# PROBLEM STATEMENT
Write the entries below out again exactly, but skip the pictures.
____ DATA FOR PROCESSING
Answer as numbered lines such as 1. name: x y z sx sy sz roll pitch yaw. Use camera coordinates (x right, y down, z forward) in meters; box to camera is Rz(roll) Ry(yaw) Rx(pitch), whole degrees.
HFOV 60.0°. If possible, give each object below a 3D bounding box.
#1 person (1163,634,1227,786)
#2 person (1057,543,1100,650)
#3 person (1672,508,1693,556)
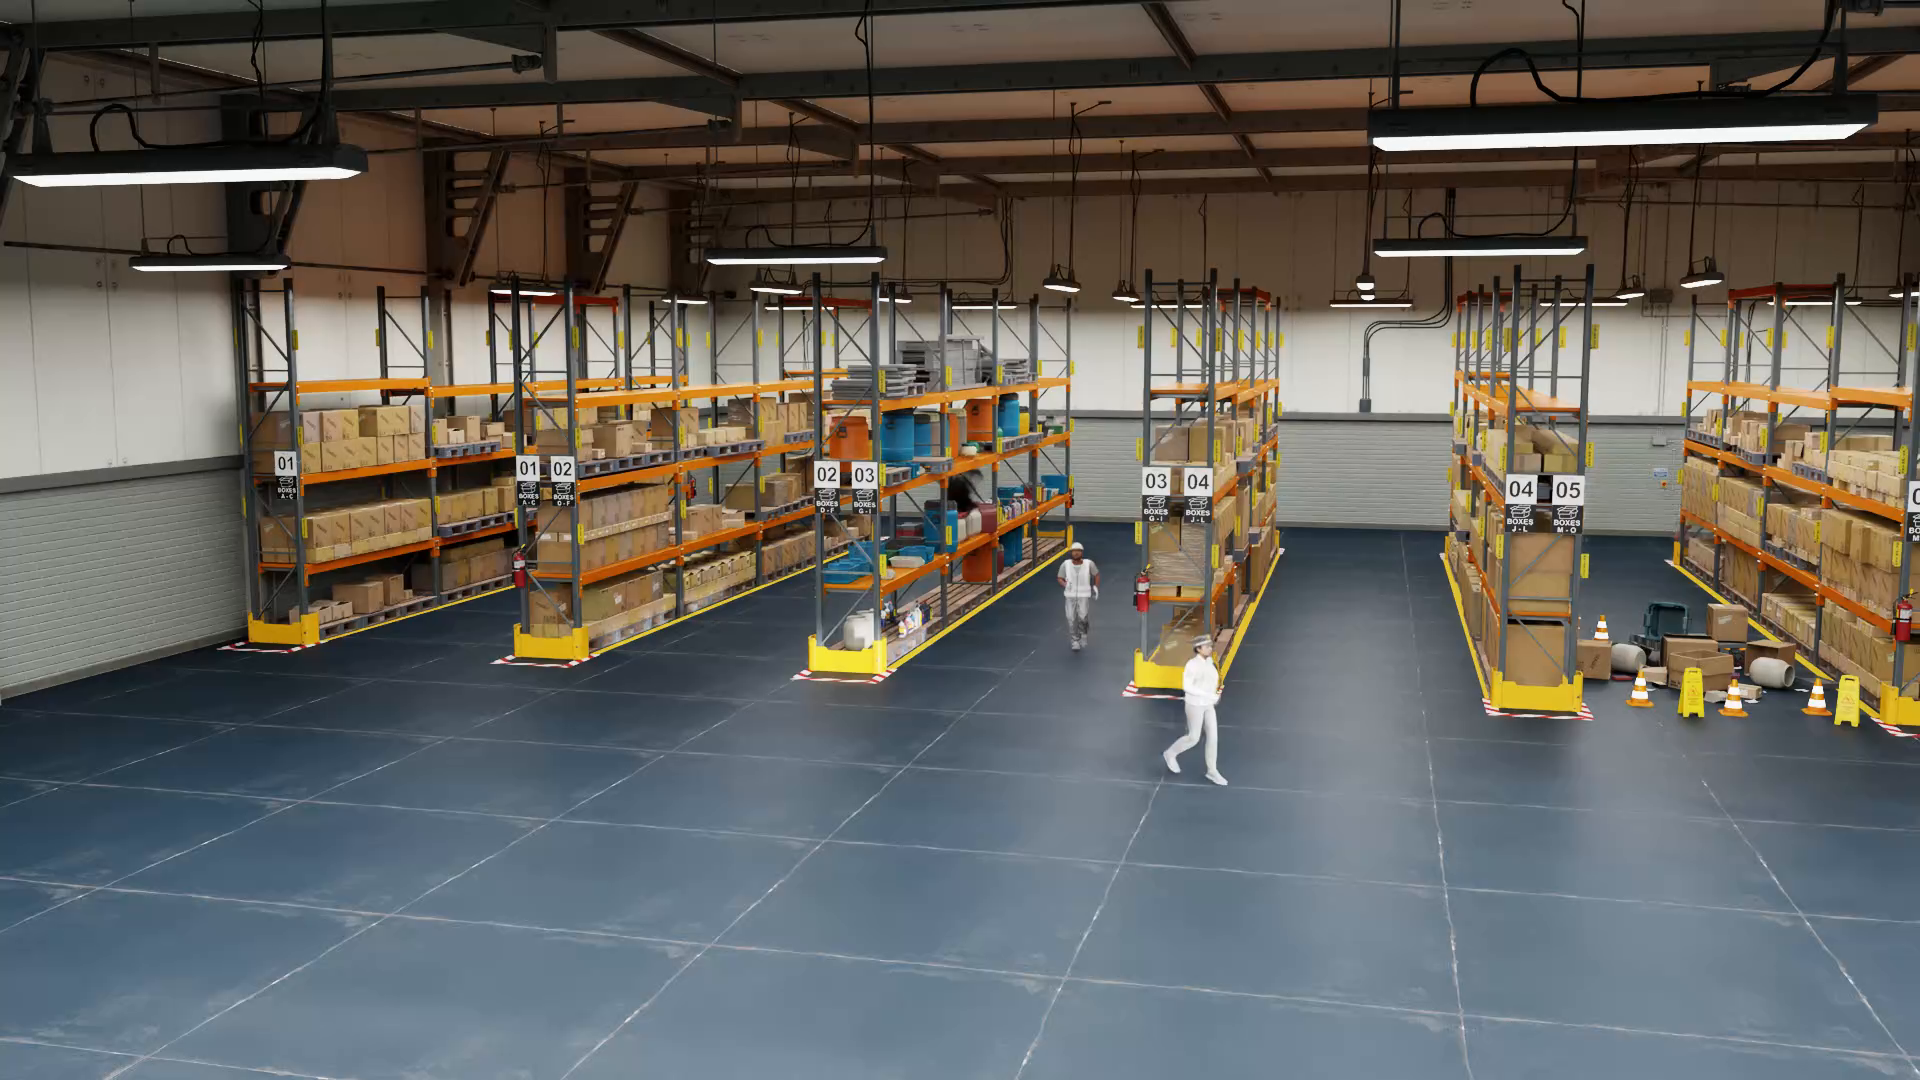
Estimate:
1. person: 2.719 1.899 18.984 0.815 1.712 0.637 6 9 43
2. person: 1.888 0.917 26.683 0.669 1.739 0.625 1 7 9
3. person: 16.770 -0.385 38.332 0.562 1.600 0.704 2 7 20
________
# ANSWER TO THIS TASK
Answer as numbered lines such as 1. name: x y z sx sy sz roll pitch yaw. Use camera coordinates (x right, y down, z forward) in meters; box to camera is Rz(roll) Ry(yaw) Rx(pitch), whole degrees.
HFOV 60.0°. If possible, give each object below a 3D bounding box.
#1 person (1163,634,1227,786)
#2 person (1057,543,1100,650)
#3 person (1672,508,1693,556)
Estimate:
1. person: 2.719 1.899 18.984 0.815 1.712 0.637 6 9 43
2. person: 1.888 0.917 26.683 0.669 1.739 0.625 1 7 9
3. person: 16.770 -0.385 38.332 0.562 1.600 0.704 2 7 20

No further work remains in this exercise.